#### Input records:
=======

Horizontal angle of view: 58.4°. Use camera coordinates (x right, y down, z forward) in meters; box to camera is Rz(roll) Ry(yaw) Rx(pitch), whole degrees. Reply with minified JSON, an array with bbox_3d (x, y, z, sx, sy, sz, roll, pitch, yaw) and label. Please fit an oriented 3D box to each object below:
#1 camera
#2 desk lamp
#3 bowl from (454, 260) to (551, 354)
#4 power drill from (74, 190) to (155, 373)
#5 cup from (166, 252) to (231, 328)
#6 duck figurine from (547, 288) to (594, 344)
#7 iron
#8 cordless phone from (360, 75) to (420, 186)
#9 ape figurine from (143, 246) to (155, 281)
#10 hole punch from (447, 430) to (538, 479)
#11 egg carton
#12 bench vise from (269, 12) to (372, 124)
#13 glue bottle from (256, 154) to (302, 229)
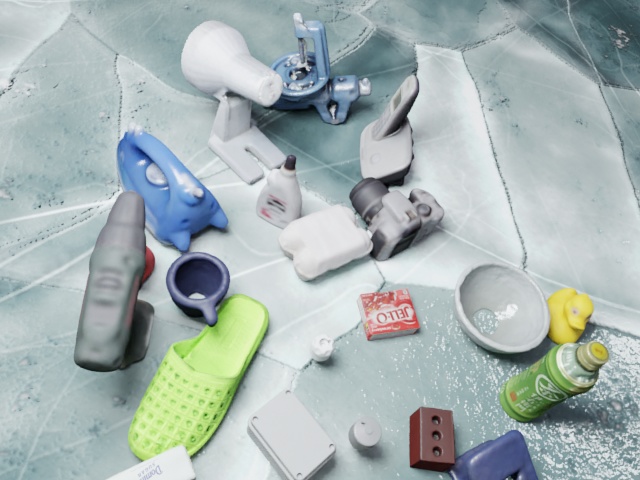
[{"bbox_3d":[0.129,-0.058,1.019,0.143,0.101,0.136,-28,68,-27],"label":"camera"},{"bbox_3d":[-0.141,-0.245,1.003,0.203,0.213,0.118,44,59,15],"label":"desk lamp"},{"bbox_3d":[0.292,0.122,0.962,0.167,0.074,0.167,6,57,-10],"label":"bowl"},{"bbox_3d":[-0.270,0.078,0.772,0.076,0.208,0.229,7,57,-9],"label":"power drill"},{"bbox_3d":[-0.178,0.089,0.856,0.092,0.095,0.117,-16,63,-22],"label":"cup"},{"bbox_3d":[0.438,0.122,0.991,0.077,0.086,0.104,20,56,0],"label":"duck figurine"},{"bbox_3d":[-0.262,-0.112,0.933,0.119,0.141,0.258,-35,72,-29],"label":"iron"},{"bbox_3d":[0.138,-0.201,1.060,0.094,0.185,0.147,5,58,-10],"label":"cordless phone"},{"bbox_3d":[-0.290,0.026,0.870,0.076,0.092,0.077,-12,62,-20],"label":"ape figurine"},{"bbox_3d":[0.255,0.335,0.809,0.109,0.091,0.101,-21,65,-24],"label":"hole punch"},{"bbox_3d":[0.009,0.003,0.970,0.151,0.069,0.107,-23,66,-25],"label":"egg carton"},{"bbox_3d":[-0.002,-0.332,1.087,0.208,0.219,0.121,-8,61,-18],"label":"bench vise"},{"bbox_3d":[-0.061,-0.084,0.946,0.078,0.173,0.037,24,56,2],"label":"glue bottle"}]
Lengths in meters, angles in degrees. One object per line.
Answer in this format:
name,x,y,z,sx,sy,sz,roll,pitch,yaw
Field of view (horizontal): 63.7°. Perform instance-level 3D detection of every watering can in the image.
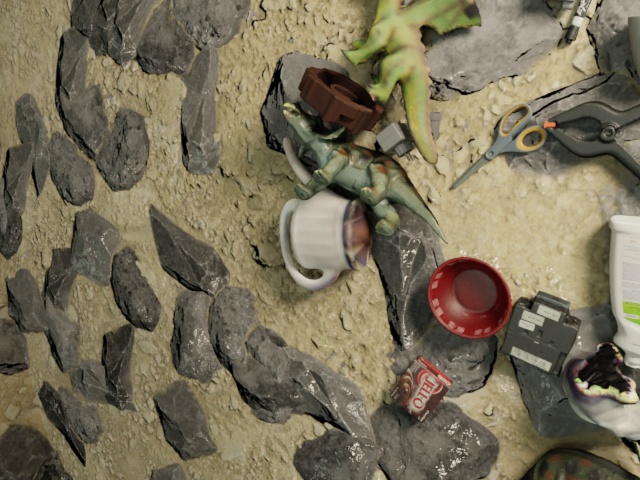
watering can,0.003,-0.057,1.128,0.224,0.346,0.104,1,6,30

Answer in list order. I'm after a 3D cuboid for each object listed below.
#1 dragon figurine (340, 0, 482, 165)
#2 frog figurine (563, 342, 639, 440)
dragon figurine,0.186,-0.367,0.965,0.240,0.414,0.122,-38,-14,22
frog figurine,0.487,0.277,0.884,0.123,0.156,0.140,-25,33,-1
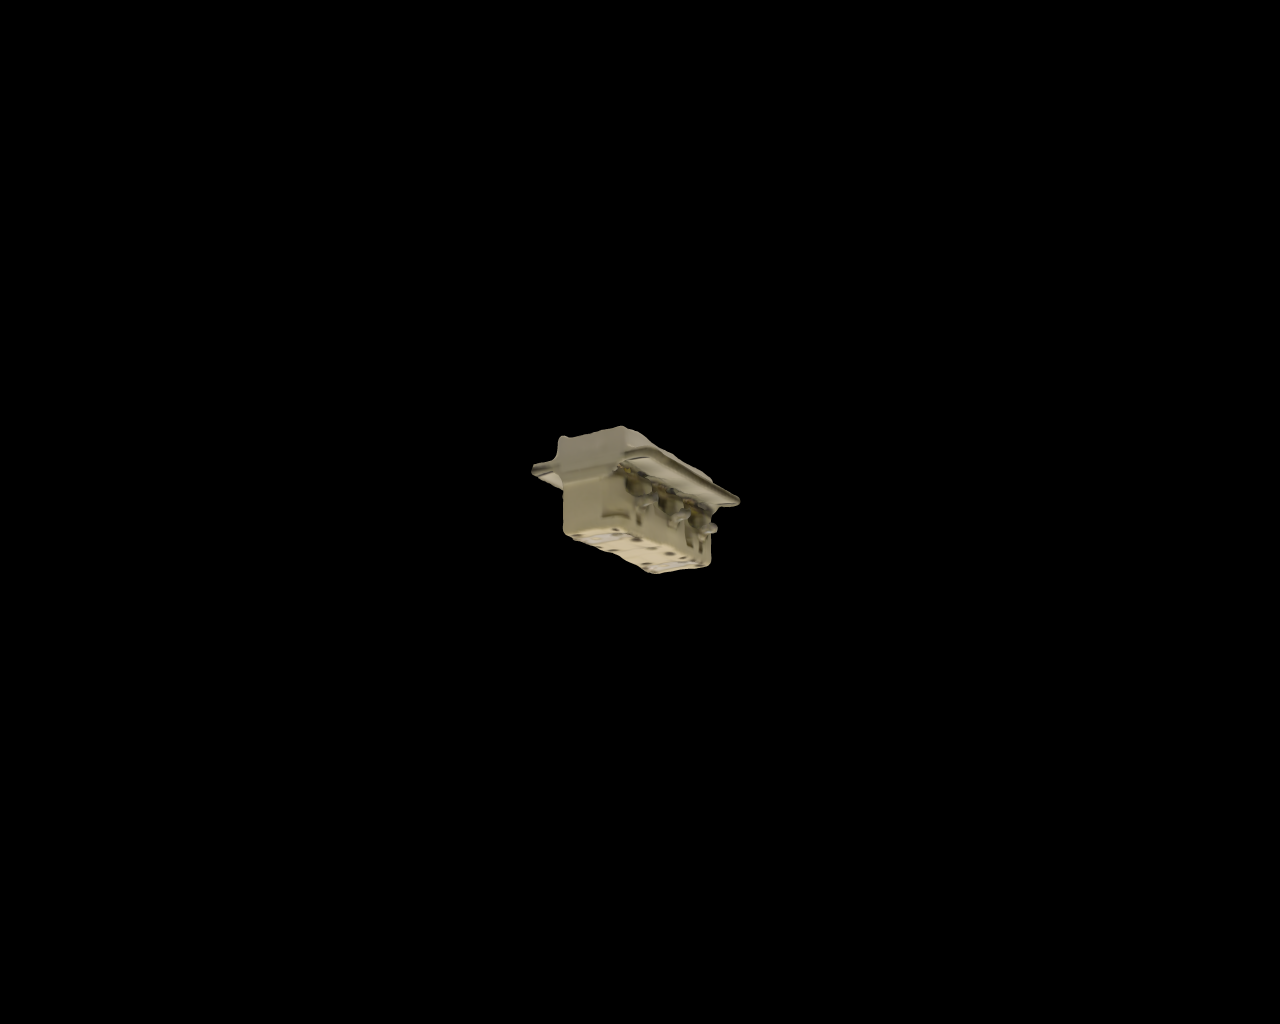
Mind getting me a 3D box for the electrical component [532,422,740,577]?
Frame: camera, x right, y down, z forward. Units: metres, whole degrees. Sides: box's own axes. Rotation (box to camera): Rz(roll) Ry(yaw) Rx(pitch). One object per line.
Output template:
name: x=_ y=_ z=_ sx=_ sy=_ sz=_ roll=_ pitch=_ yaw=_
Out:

=======

Report how many lines of the listing hold the word "meters", with nothing but the number.

#### Exercise result:
2